Я продолжал присматриваться к растениям Фату-Хивы — не обнаружатся ли еще свидетельства контактов с Америкой. И мне вспомнились жаркие научные споры по поводу столь важного в Полинезии гибискуса, который Браун назвал «одним из самых полезных деревьев, разводимых древними полинезийцами». Полезность гибискуса никто не отрицал. Молодые побеги шли в пищу; мы сами видели, как из цветков делали лекарство; луб шел на веревки; древесина годилась для добывания огня и изготовления тысячи бытовых предметов. Американские ботаники О. и Р. Кук уже за три десятилетия до этого показали, что гибискус использовался для одних и тех же целей в Полинезии и в древней Америке и даже назывался почти одинаково: в Америке-махо, на островах — мао и хау. Вообще-то гибискус широко распространен в тропическом поясе, но родиной его считалась Америка. И упомянутые ботаники заключили, что семена не боятся морской воды и могли быть принесены течениями до прихода человека, а вот название не могло приплыть само. Они рекомендовали антропологам учитывать, что налицо важное растение, мимо которого не следует проходить, когда изучаешь возможность доевропейских контактов между тропической Америкой и тихоокеанскими островами.

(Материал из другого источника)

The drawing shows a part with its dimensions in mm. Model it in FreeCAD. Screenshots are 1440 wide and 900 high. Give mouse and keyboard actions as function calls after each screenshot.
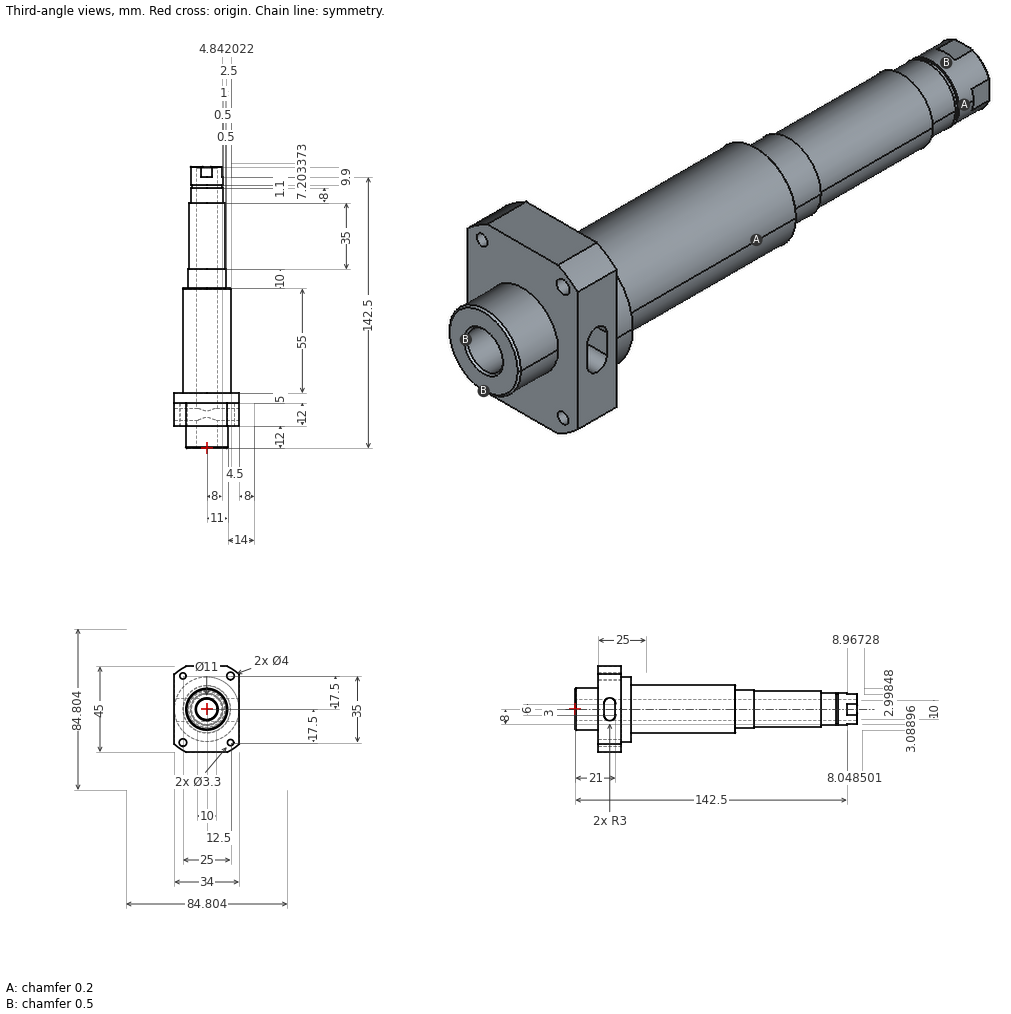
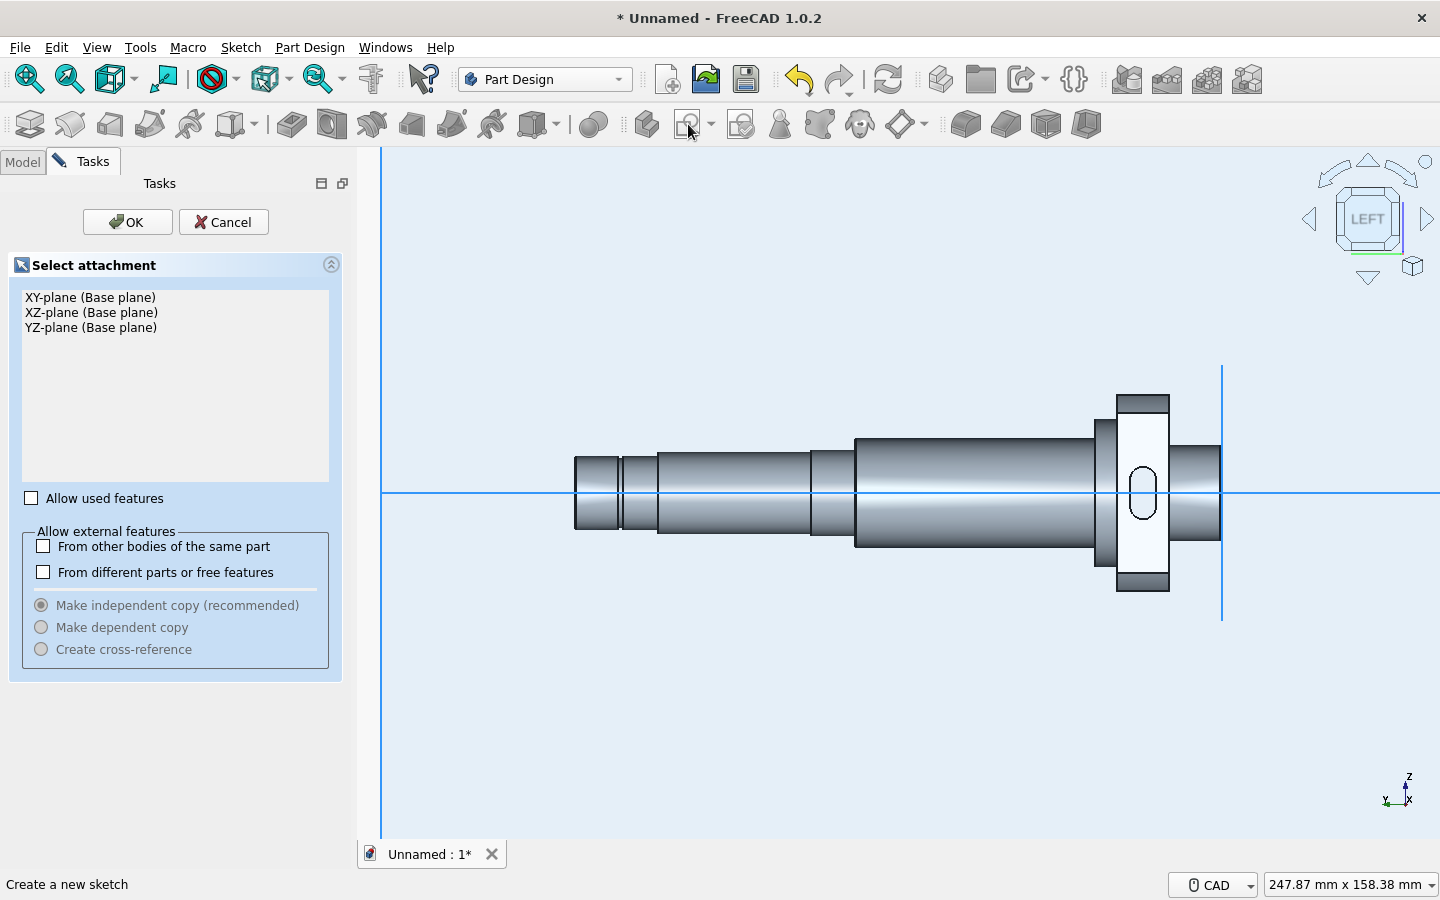
click(82, 328)

Не успели они изложить свой взгляд, как им решительно возразил другой ботаник — Э. Меррилл, страстный защитник догмы, по которой до европейцев ни— кто не отплывал из Америки и не приплывал в нее. По его мнению, полинезийский гибискус давным-давно мог попасть на острова с течениями. И лишь много лет спустя после моего пребывания на Фату-Хиве известный американский специалист по географии растений Дж. Картер, вернувшись к этой проблеме, заключил: «Трудно назвать более ясное свидетельство контактов между народами Тихого океана и Центральной Америки, чем то, которое дают нам батат и гибискус, известный под названием махо»[29].

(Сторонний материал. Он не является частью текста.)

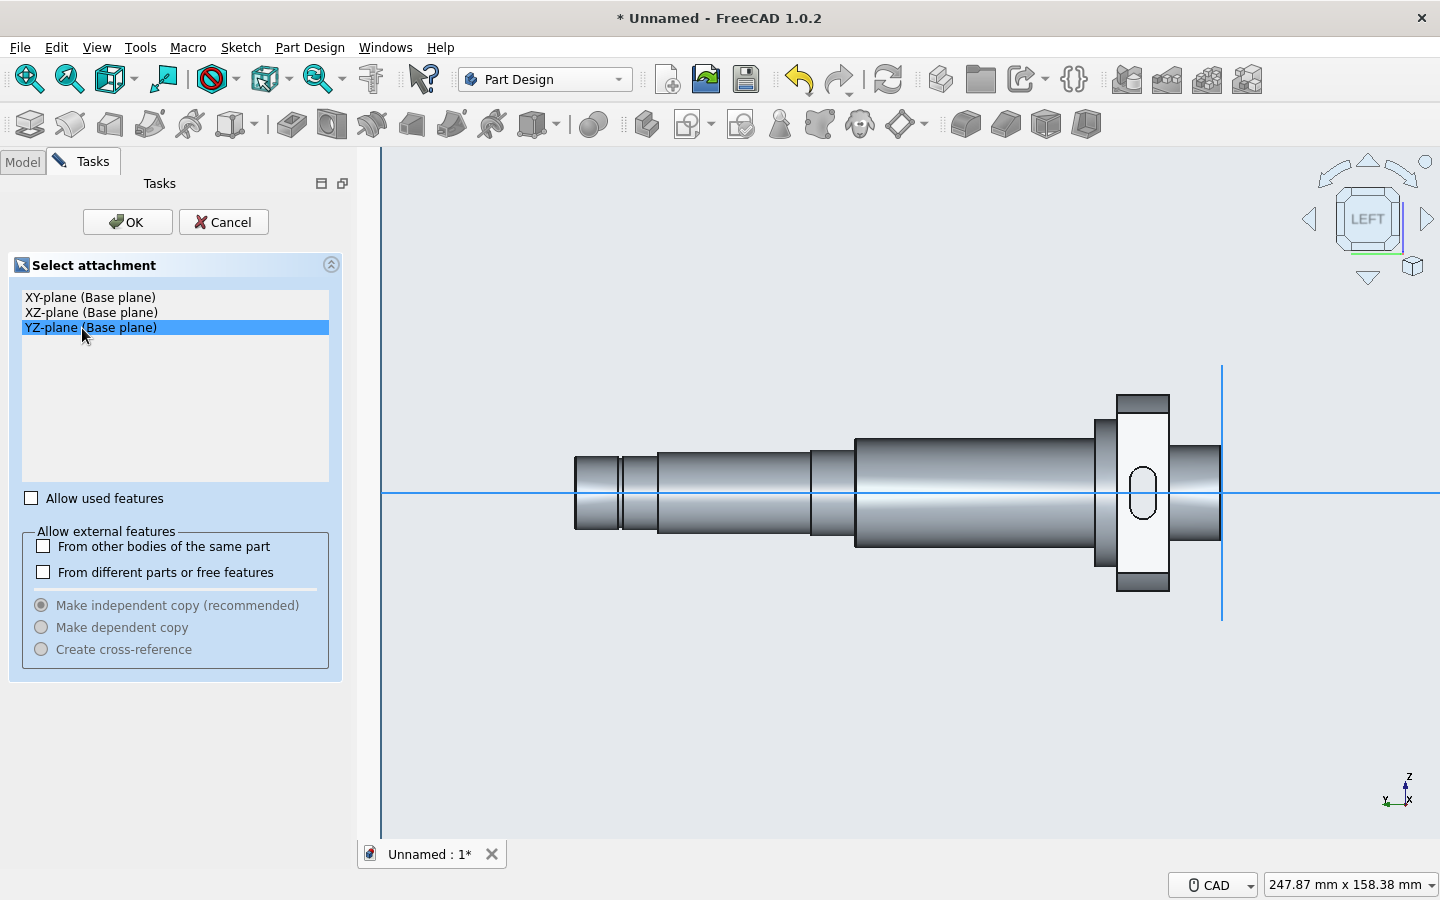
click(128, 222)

Мысленно я частенько возвращался в библиотеку Крэпелиена, стараясь по возможности вспомнить все прочтенное мной до того, как я приехал на острова и самолично ознакомился с обстановкой. На Фату-Хиве если и были книги, то лишь библии в двух конкурирующих церквах Омоа. У католиков и протестантов одна библия, но толкуют они ее по-разному. Не удивительно, что у биологов и антропологов, читающих разные книги, взгляды разные. Даже два антрополога могут по-разному толковать одну и ту же проблему, если один из них только измеряет черепа, а другой только занимается языками. Соединять Полинезию с Америкой было все равно что сунуть палец в осиное гнездо. Ибо ученые и любители, занимающиеся доколумбовой Америкой, давно разбились на два отряда, одержимых чуть ли не религиозным фанатизмом: на диффузионистов и изоляционистов. Первые не сомневались в том, что разделяющий Старый и Новый Свет океан был пройден до Колумба викингами, а еще раньше — другими мореплавателями. Вторые были не менее страстно убеждены, что до 1492 года мировые океаны представляли собой неодолимый барьер для человека. Пожалуй, скорее Пакеекее сумел бы обратить патера Викторина в свою веру, чем изоляционист переубедить диффузиониста или наоборот.